Jaffe: How has your upbringing influenced you?
Schoen: My father, an FBI agent and draftee for the New York Yankees, died when I was 4. My stepfather died when I was 10. I watched my strong mother, Joan, who now lives next door to me, work long days and rear two children. She even ran a Ford dealership. I learned what it meant to face adversity and to fight hard to earn something. Without a father figure, I did not have a firm religious background. That part has changed. Religion now has a larger role in my life. I associate with Young Israel and Congregation Beth Jacob.

Jaffe: You have a case now against Broward County, Fla., Sheriff Scott Israel, well known from the Parkland school shooting.
Schoen: I am suing him for the family of an African-American IT engineer whom one of his deputies killed in cold blood. The case alleges that Sheriff Israel helped cover up the true facts, which were only uncovered after I went into the neighborhood and found courageous eyewitnesses, one of whom took a photo showing part of the cover-up and ended up in The New York Times.

Jaffe: Describe the situation where you sue terrorists.
Schoen: In two of my most meaningful cases, I have advocated for Americans killed by terrorists working for or with the PLO and the PA. In one case I worked on, the jury returned a judgment of $655 million, but the Court of Appeals reversed it. The Supreme Court must decide whether to hear it. I have just uncovered documents in which the PLO decided, after meeting with Condoleezza Rice, then secretary of State, that they would accede to jurisdiction in the U.S. and wanted to fight the case. Now that they have lost, they are trying to manipulate the system and, for political reasons, sadly appear to be having success.
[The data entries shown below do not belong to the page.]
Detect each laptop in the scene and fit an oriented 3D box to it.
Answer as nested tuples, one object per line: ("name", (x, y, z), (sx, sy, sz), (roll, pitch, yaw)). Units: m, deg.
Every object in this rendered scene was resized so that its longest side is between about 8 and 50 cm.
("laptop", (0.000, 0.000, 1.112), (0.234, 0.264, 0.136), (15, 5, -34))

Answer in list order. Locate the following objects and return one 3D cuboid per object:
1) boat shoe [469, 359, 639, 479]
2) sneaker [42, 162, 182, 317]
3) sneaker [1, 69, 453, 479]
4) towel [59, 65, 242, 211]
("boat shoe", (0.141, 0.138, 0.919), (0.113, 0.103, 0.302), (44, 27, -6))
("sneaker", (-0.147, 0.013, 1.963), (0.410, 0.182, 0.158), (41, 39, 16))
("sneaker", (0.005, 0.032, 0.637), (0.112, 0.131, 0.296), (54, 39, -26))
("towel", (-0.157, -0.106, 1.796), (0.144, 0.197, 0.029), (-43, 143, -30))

Jaffe: You met with terrorists?
Schoen: I flew to Israel and cross-examined one of the most dangerous and despicable terrorists in the world, Ahmad Sa’adat, the head of the PFLP. He is in prison for the murder of an Israeli Cabinet minister, among other crimes. After I finished, he sneered, “I’ve been arrested by the Israeli police many times, but even the Shabak has never treated me as badly as you.” I took it as a compliment. He testified that he serves on the PLO executive committee and has homes and chauffeur-driven limos, courtesy of American taxpayer money.
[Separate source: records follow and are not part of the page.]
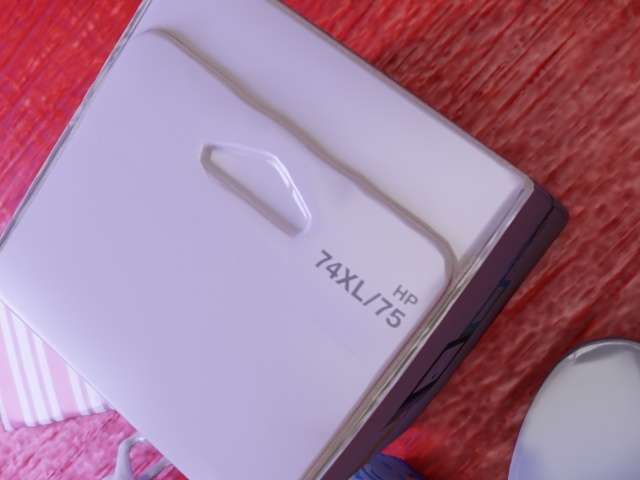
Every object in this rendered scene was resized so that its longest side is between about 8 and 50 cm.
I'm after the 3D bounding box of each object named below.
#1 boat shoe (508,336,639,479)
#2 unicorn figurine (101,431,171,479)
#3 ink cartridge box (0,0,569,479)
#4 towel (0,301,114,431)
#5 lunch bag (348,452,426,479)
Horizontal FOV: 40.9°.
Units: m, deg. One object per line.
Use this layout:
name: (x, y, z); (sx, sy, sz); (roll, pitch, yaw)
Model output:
boat shoe: (0.175, 0.205, 0.520); (0.113, 0.105, 0.306); (-6, 93, 15)
unicorn figurine: (-0.131, 0.195, 0.633); (0.161, 0.060, 0.111); (18, 57, 35)
ink cartridge box: (0.000, 0.000, 0.496); (0.198, 0.270, 0.197); (38, 101, 16)
towel: (-0.189, 0.067, 0.690); (0.197, 0.029, 0.144); (-15, 86, 18)
lunch bag: (0.031, 0.198, 0.526); (0.151, 0.128, 0.096); (33, 101, 52)

Jaffe: Do you think the parents of Otto Warmbier, a Jewish student who was tortured in North Korea, have a case against that country?
Schoen: From the publicly available facts, yes.
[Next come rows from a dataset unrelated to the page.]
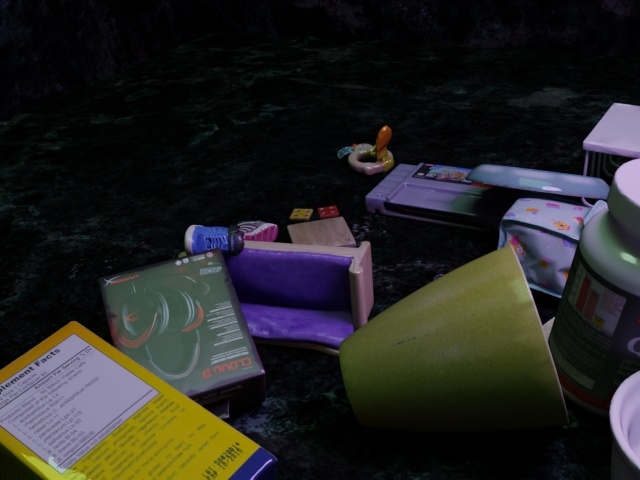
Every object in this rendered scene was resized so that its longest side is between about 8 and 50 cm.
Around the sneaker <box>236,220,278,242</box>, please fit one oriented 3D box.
[{"bbox_3d":[-0.179,-0.005,1.698,0.074,0.063,0.170,21,33,38],"label":"sneaker"}]

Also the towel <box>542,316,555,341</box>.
[{"bbox_3d":[0.429,0.176,1.306,0.148,0.027,0.110,-26,36,-34],"label":"towel"}]

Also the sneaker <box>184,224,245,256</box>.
[{"bbox_3d":[-0.185,0.001,1.349,0.084,0.058,0.152,1,2,12],"label":"sneaker"}]

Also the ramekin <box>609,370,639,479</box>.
[{"bbox_3d":[0.513,0.293,0.961,0.277,0.135,0.277,-4,30,2],"label":"ramekin"}]

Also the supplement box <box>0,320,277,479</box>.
[{"bbox_3d":[-0.258,0.297,0.940,0.356,0.195,0.194,28,40,23],"label":"supplement box"}]

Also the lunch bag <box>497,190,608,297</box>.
[{"bbox_3d":[0.492,0.011,1.460,0.262,0.160,0.223,16,25,23],"label":"lunch bag"}]

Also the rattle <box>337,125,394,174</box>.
[{"bbox_3d":[0.115,-0.271,2.064,0.130,0.143,0.200,-30,39,-6],"label":"rattle"}]

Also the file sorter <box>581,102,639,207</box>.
[{"bbox_3d":[0.752,-0.191,1.772,0.192,0.173,0.277,14,34,30],"label":"file sorter"}]

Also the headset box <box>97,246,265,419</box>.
[{"bbox_3d":[-0.226,0.177,1.232,0.218,0.110,0.293,-15,55,-14],"label":"headset box"}]

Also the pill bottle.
[{"bbox_3d":[0.474,0.075,1.107,0.210,0.363,0.210,2,36,-1],"label":"pill bottle"}]

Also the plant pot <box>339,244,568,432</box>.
[{"bbox_3d":[0.187,0.178,1.135,0.293,0.275,0.275,-17,27,10],"label":"plant pot"}]

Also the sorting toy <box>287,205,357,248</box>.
[{"bbox_3d":[0.000,0.000,1.674,0.132,0.046,0.274,-9,29,-8],"label":"sorting toy"}]

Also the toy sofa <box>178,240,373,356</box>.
[{"bbox_3d":[-0.086,0.093,1.412,0.362,0.150,0.177,4,29,17],"label":"toy sofa"}]

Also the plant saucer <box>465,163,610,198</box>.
[{"bbox_3d":[0.478,-0.132,1.628,0.317,0.044,0.317,6,8,-1],"label":"plant saucer"}]

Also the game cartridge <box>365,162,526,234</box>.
[{"bbox_3d":[0.315,-0.112,1.822,0.355,0.068,0.230,11,36,26],"label":"game cartridge"}]

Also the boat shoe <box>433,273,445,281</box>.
[{"bbox_3d":[0.291,0.131,1.341,0.095,0.079,0.254,-23,29,-18],"label":"boat shoe"}]

Jaffe: You have had some comments about the Mueller investigation.
Schoen: Mr. Mueller has a questionable history, arising from his supervision of the corrupt relationship between an FBI agent (now in prison for murder) and an informant (Whitey Bulger). He has refused to answer questions about it. His deputy, Andrew Weissmann, was directly involved in the most troubling scandal in FBI history, and he was singled out by a federal judge for that role. Mueller put together a team full of conflicts of interest and from the same political party. I don’t think this is the group to conduct an objective investigation into the president if the whole world is to have confidence in the process and its outcome.

Jaffe: I’m getting mixed vibes. You’re not sounding like a liberal, yet you champion liberal causes.
Schoen: On many social and domestic issues, I am characterized as being on the left; on issues involving Israel, I am characterized as being on the right. My position on all issues is based on principles that I can defend using my understanding of the Constitution. My greatest professional honors were given by the ABA and Boston College Law School for my civil rights work. In honoring me with its national pro bono public award, the ABA announced that, according to federal judges it interviewed, my work has done more to change public institutions in the South than the work of any other lawyer of this era. I was very grateful for the thought.

Jaffe: Tell us something personal about you that we don’t know.
Schoen: I went through college on a full athletic scholarship and helped lead my team in the No. 1 singles and doubles tennis slots to its first NCAA Division I Atlantic 10 Conference championship and won medals in the Maccabiah Games. When I was younger, I was picked up by the William Morris Agency as a country singer and was invited to audition for Neil Simon’s play “Biloxi Blues.” I felt law was the work that would be most meaningful.